• **EXERCISE PROMPT**: Could you retype the entries below exactly, omitting every picture?
········
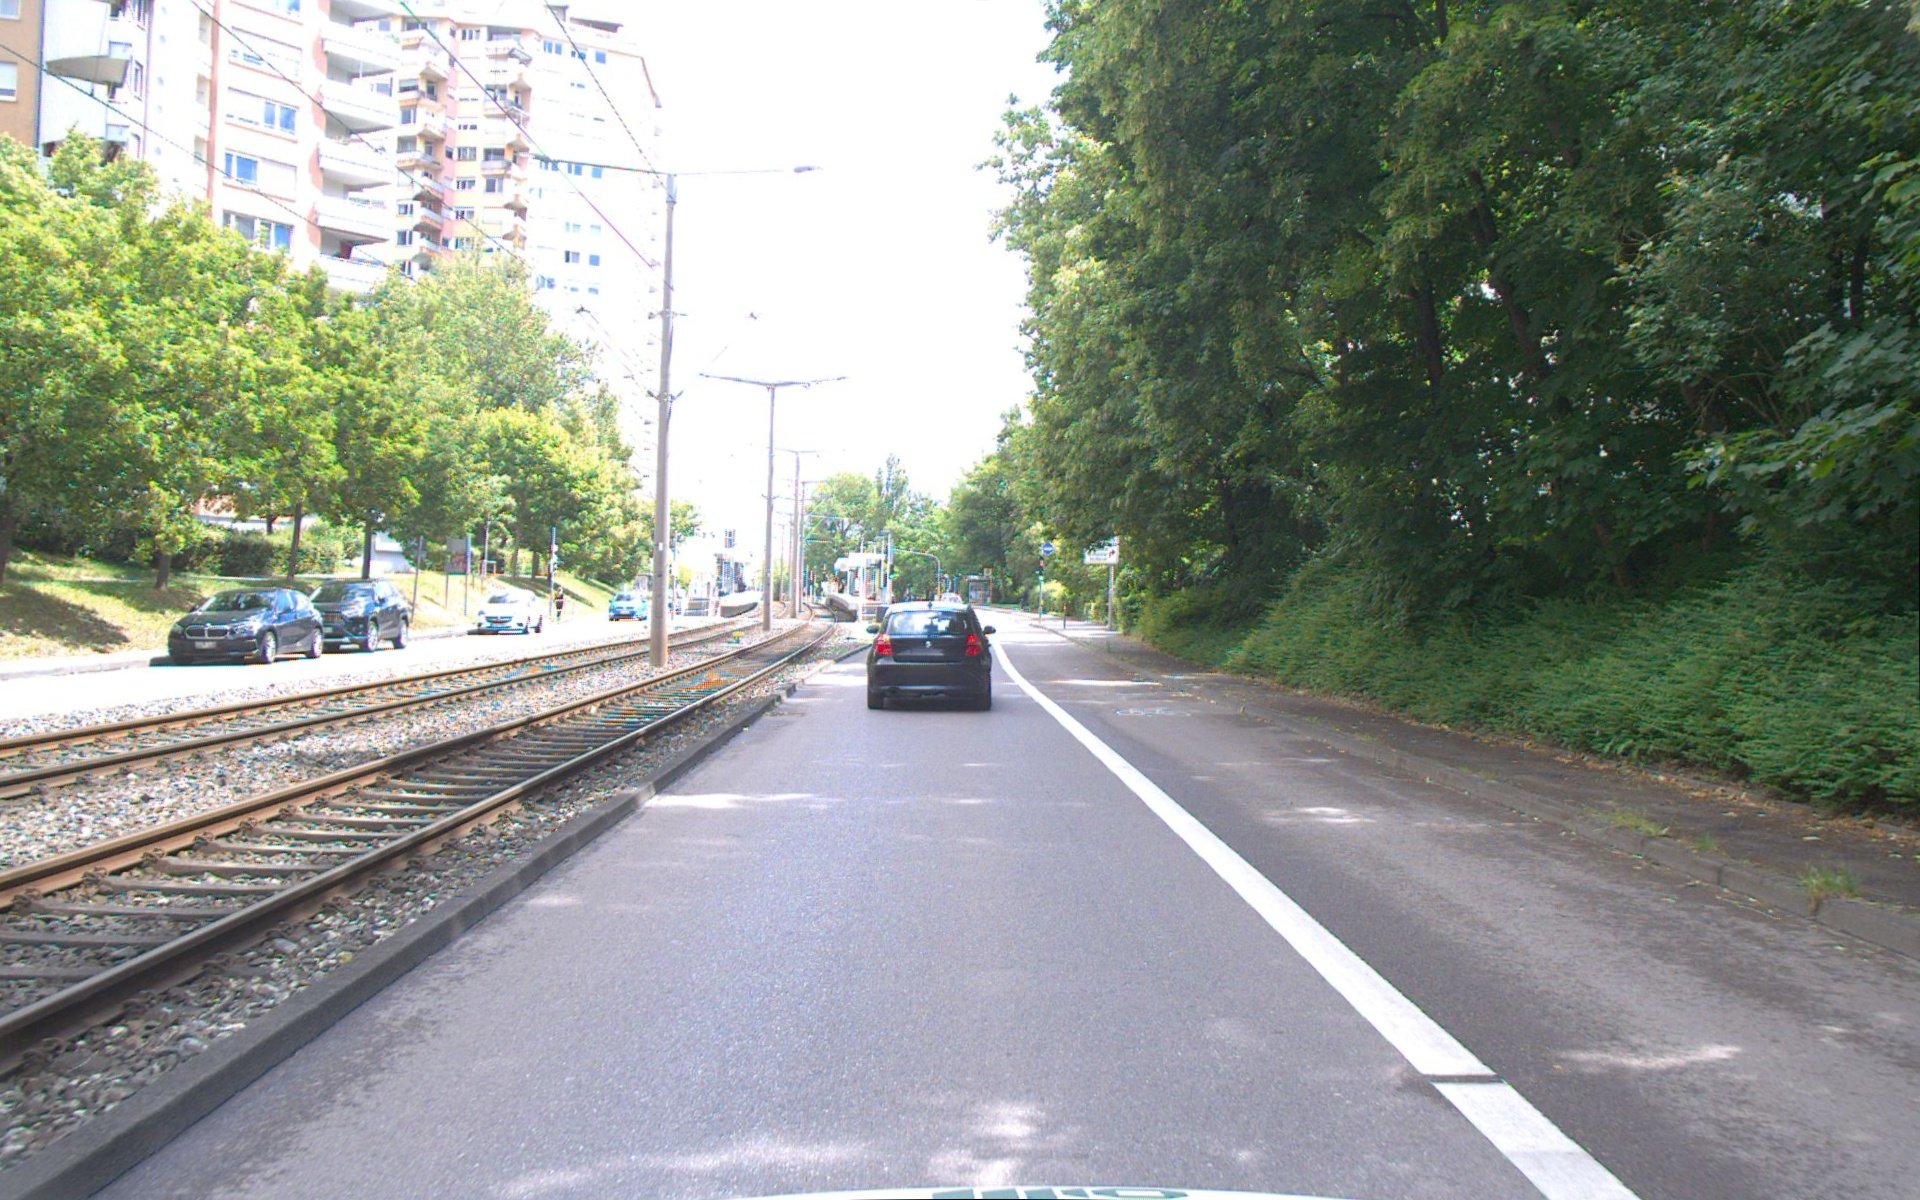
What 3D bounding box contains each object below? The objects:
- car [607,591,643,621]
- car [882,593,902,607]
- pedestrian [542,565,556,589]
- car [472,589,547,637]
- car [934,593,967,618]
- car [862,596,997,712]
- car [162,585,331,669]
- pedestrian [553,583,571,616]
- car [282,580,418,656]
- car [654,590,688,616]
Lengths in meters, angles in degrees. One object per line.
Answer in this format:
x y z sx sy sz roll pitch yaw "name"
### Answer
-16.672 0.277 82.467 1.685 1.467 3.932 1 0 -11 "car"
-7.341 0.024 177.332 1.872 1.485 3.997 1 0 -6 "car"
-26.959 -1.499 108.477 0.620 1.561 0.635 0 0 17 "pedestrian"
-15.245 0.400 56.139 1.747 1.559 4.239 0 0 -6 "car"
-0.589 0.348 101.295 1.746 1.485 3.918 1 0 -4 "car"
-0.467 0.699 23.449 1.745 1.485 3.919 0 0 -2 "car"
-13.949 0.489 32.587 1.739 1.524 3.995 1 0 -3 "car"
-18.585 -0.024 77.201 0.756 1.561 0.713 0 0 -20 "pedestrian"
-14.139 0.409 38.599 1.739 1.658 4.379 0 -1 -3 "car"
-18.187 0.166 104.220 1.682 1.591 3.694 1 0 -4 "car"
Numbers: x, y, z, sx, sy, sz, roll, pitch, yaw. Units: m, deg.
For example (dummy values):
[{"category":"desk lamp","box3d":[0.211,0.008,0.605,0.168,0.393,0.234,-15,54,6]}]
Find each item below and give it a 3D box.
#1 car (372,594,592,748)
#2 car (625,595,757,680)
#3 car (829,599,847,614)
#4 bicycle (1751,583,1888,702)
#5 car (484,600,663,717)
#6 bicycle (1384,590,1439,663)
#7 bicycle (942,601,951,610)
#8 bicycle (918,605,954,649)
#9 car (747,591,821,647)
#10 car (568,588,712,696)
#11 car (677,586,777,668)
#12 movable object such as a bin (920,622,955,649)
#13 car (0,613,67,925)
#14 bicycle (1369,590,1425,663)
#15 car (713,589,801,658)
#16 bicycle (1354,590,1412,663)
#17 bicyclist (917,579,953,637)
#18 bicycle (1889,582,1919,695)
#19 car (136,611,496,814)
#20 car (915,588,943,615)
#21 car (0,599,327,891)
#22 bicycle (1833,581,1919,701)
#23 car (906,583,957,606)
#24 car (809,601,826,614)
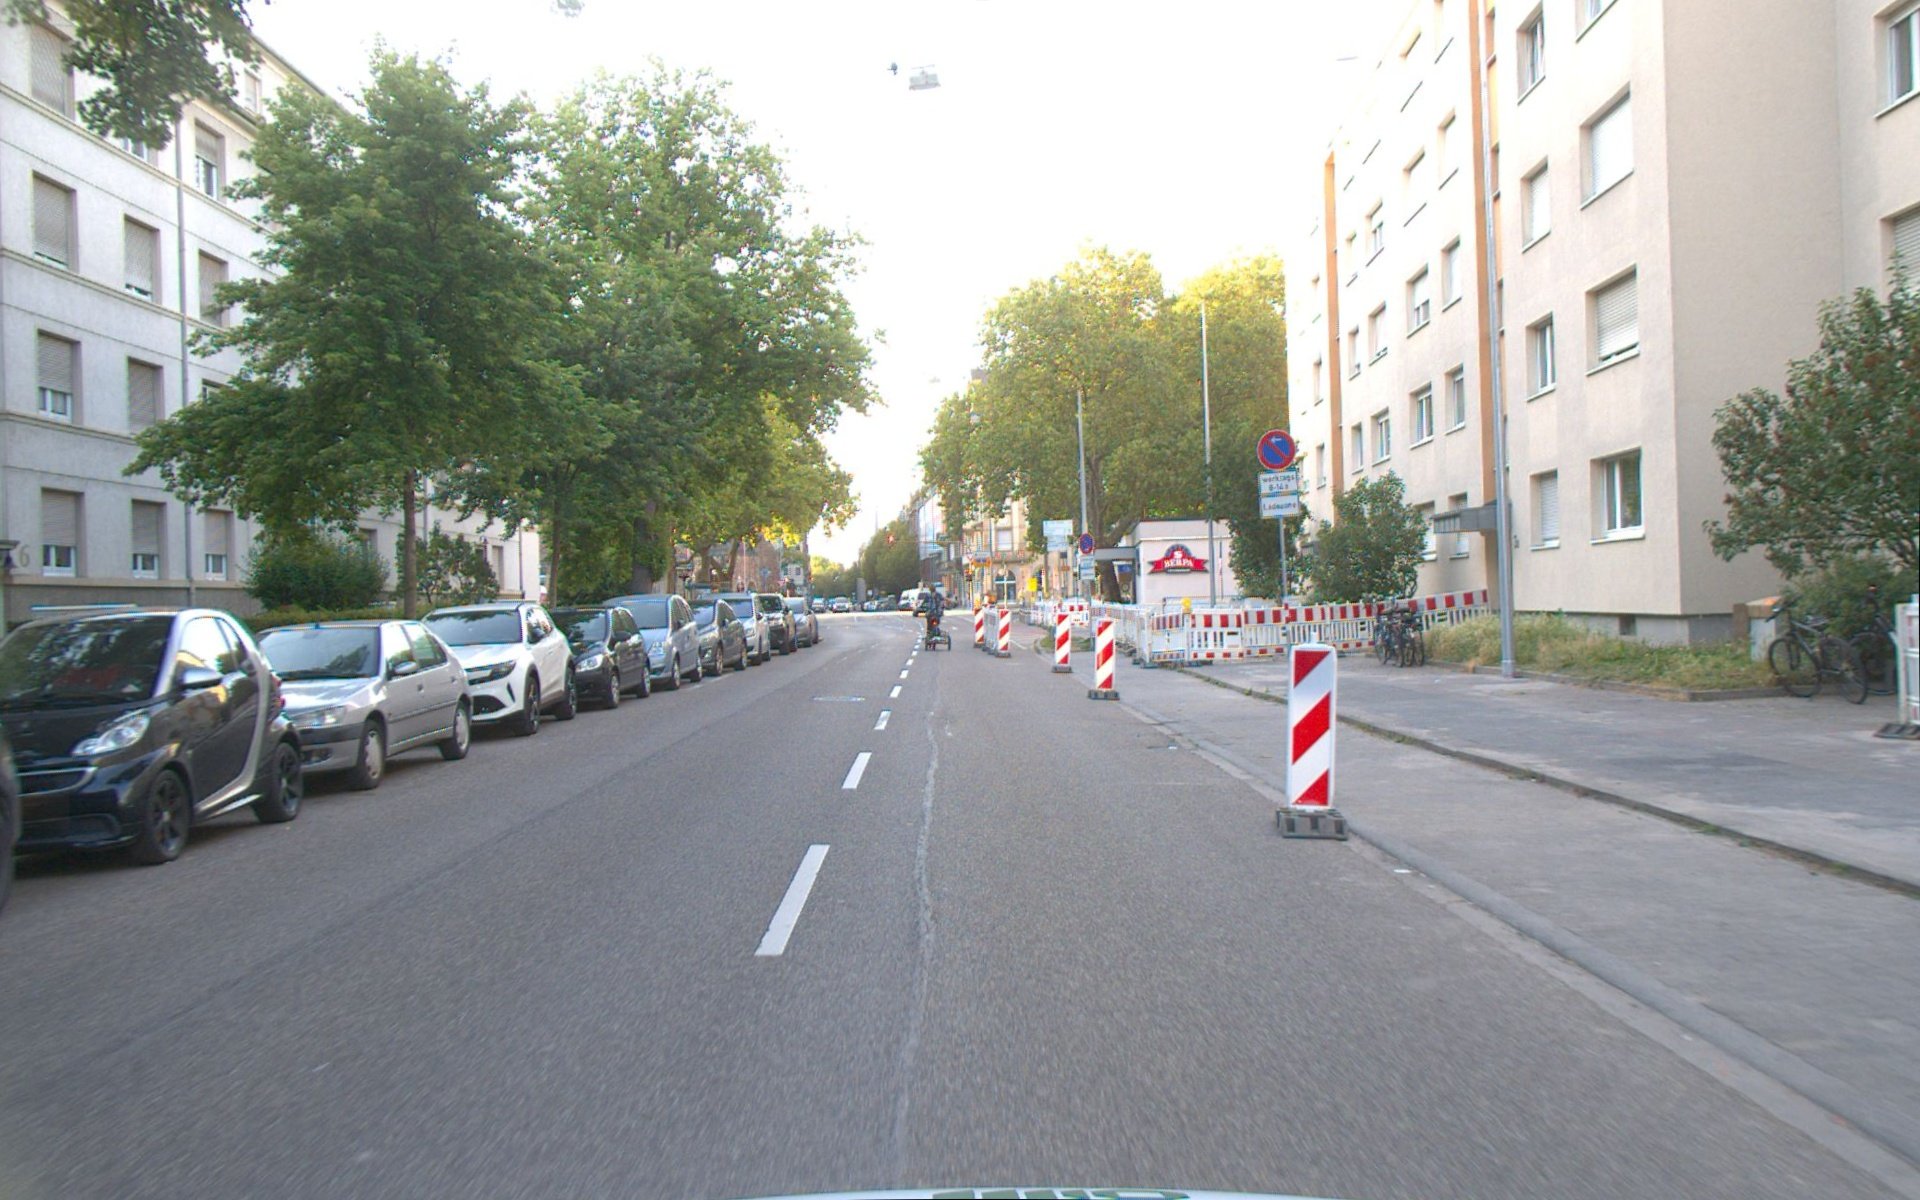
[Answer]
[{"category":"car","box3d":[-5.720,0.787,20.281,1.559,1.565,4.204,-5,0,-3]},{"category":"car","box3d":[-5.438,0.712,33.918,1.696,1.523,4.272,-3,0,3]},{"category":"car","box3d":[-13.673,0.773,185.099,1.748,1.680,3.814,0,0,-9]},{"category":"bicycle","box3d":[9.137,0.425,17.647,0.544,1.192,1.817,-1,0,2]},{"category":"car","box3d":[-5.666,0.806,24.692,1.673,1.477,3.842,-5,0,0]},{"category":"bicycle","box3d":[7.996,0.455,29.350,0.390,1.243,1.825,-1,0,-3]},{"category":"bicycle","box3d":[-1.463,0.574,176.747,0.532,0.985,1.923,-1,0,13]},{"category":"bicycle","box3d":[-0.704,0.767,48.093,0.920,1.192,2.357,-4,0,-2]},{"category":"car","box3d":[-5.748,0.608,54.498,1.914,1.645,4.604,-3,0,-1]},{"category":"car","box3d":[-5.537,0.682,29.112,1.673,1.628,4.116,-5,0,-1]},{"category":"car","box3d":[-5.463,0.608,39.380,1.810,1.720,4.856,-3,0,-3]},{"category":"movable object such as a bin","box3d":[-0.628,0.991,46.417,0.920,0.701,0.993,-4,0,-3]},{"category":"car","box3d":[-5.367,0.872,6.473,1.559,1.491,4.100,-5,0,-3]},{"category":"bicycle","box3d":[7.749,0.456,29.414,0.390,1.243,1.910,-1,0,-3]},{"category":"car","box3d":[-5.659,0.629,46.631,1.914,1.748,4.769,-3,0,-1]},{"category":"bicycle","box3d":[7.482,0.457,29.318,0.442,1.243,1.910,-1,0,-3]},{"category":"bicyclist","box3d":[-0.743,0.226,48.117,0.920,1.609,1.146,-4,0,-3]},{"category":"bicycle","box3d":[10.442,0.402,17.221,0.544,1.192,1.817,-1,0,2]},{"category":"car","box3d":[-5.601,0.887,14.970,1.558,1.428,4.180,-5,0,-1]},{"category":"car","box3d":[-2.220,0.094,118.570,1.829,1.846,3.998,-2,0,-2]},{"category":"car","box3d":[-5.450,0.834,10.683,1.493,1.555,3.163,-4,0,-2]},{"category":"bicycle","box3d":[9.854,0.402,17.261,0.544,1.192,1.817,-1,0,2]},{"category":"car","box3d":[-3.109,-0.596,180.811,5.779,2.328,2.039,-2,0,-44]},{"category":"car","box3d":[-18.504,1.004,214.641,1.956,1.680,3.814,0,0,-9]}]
········
• **ANSWER FOR THIS EXERCISE**:
What 3D bounding box contains each object below? The objects:
- car [607,591,643,621]
- car [882,593,902,607]
- pedestrian [542,565,556,589]
- car [472,589,547,637]
- car [934,593,967,618]
- car [862,596,997,712]
- car [162,585,331,669]
- pedestrian [553,583,571,616]
- car [282,580,418,656]
- car [654,590,688,616]
Lengths in meters, angles in degrees. One object per line.
Answer in this format:
x y z sx sy sz roll pitch yaw "name"
### Answer
-16.672 0.277 82.467 1.685 1.467 3.932 1 0 -11 "car"
-7.341 0.024 177.332 1.872 1.485 3.997 1 0 -6 "car"
-26.959 -1.499 108.477 0.620 1.561 0.635 0 0 17 "pedestrian"
-15.245 0.400 56.139 1.747 1.559 4.239 0 0 -6 "car"
-0.589 0.348 101.295 1.746 1.485 3.918 1 0 -4 "car"
-0.467 0.699 23.449 1.745 1.485 3.919 0 0 -2 "car"
-13.949 0.489 32.587 1.739 1.524 3.995 1 0 -3 "car"
-18.585 -0.024 77.201 0.756 1.561 0.713 0 0 -20 "pedestrian"
-14.139 0.409 38.599 1.739 1.658 4.379 0 -1 -3 "car"
-18.187 0.166 104.220 1.682 1.591 3.694 1 0 -4 "car"
Numbers: x, y, z, sx, sy, sz, roll, pitch, yaw. Units: m, deg.
For example (dummy values):
[{"category":"desk lamp","box3d":[0.211,0.008,0.605,0.168,0.393,0.234,-15,54,6]}]
Find each item below and give it a 3D box.
#1 car (372,594,592,748)
#2 car (625,595,757,680)
#3 car (829,599,847,614)
#4 bicycle (1751,583,1888,702)
#5 car (484,600,663,717)
#6 bicycle (1384,590,1439,663)
#7 bicycle (942,601,951,610)
#8 bicycle (918,605,954,649)
#9 car (747,591,821,647)
#10 car (568,588,712,696)
#11 car (677,586,777,668)
#12 movable object such as a bin (920,622,955,649)
#13 car (0,613,67,925)
#14 bicycle (1369,590,1425,663)
#15 car (713,589,801,658)
#16 bicycle (1354,590,1412,663)
#17 bicyclist (917,579,953,637)
#18 bicycle (1889,582,1919,695)
#19 car (136,611,496,814)
#20 car (915,588,943,615)
#21 car (0,599,327,891)
#22 bicycle (1833,581,1919,701)
#23 car (906,583,957,606)
#24 car (809,601,826,614)
[Answer]
[{"category":"car","box3d":[-5.720,0.787,20.281,1.559,1.565,4.204,-5,0,-3]},{"category":"car","box3d":[-5.438,0.712,33.918,1.696,1.523,4.272,-3,0,3]},{"category":"car","box3d":[-13.673,0.773,185.099,1.748,1.680,3.814,0,0,-9]},{"category":"bicycle","box3d":[9.137,0.425,17.647,0.544,1.192,1.817,-1,0,2]},{"category":"car","box3d":[-5.666,0.806,24.692,1.673,1.477,3.842,-5,0,0]},{"category":"bicycle","box3d":[7.996,0.455,29.350,0.390,1.243,1.825,-1,0,-3]},{"category":"bicycle","box3d":[-1.463,0.574,176.747,0.532,0.985,1.923,-1,0,13]},{"category":"bicycle","box3d":[-0.704,0.767,48.093,0.920,1.192,2.357,-4,0,-2]},{"category":"car","box3d":[-5.748,0.608,54.498,1.914,1.645,4.604,-3,0,-1]},{"category":"car","box3d":[-5.537,0.682,29.112,1.673,1.628,4.116,-5,0,-1]},{"category":"car","box3d":[-5.463,0.608,39.380,1.810,1.720,4.856,-3,0,-3]},{"category":"movable object such as a bin","box3d":[-0.628,0.991,46.417,0.920,0.701,0.993,-4,0,-3]},{"category":"car","box3d":[-5.367,0.872,6.473,1.559,1.491,4.100,-5,0,-3]},{"category":"bicycle","box3d":[7.749,0.456,29.414,0.390,1.243,1.910,-1,0,-3]},{"category":"car","box3d":[-5.659,0.629,46.631,1.914,1.748,4.769,-3,0,-1]},{"category":"bicycle","box3d":[7.482,0.457,29.318,0.442,1.243,1.910,-1,0,-3]},{"category":"bicyclist","box3d":[-0.743,0.226,48.117,0.920,1.609,1.146,-4,0,-3]},{"category":"bicycle","box3d":[10.442,0.402,17.221,0.544,1.192,1.817,-1,0,2]},{"category":"car","box3d":[-5.601,0.887,14.970,1.558,1.428,4.180,-5,0,-1]},{"category":"car","box3d":[-2.220,0.094,118.570,1.829,1.846,3.998,-2,0,-2]},{"category":"car","box3d":[-5.450,0.834,10.683,1.493,1.555,3.163,-4,0,-2]},{"category":"bicycle","box3d":[9.854,0.402,17.261,0.544,1.192,1.817,-1,0,2]},{"category":"car","box3d":[-3.109,-0.596,180.811,5.779,2.328,2.039,-2,0,-44]},{"category":"car","box3d":[-18.504,1.004,214.641,1.956,1.680,3.814,0,0,-9]}]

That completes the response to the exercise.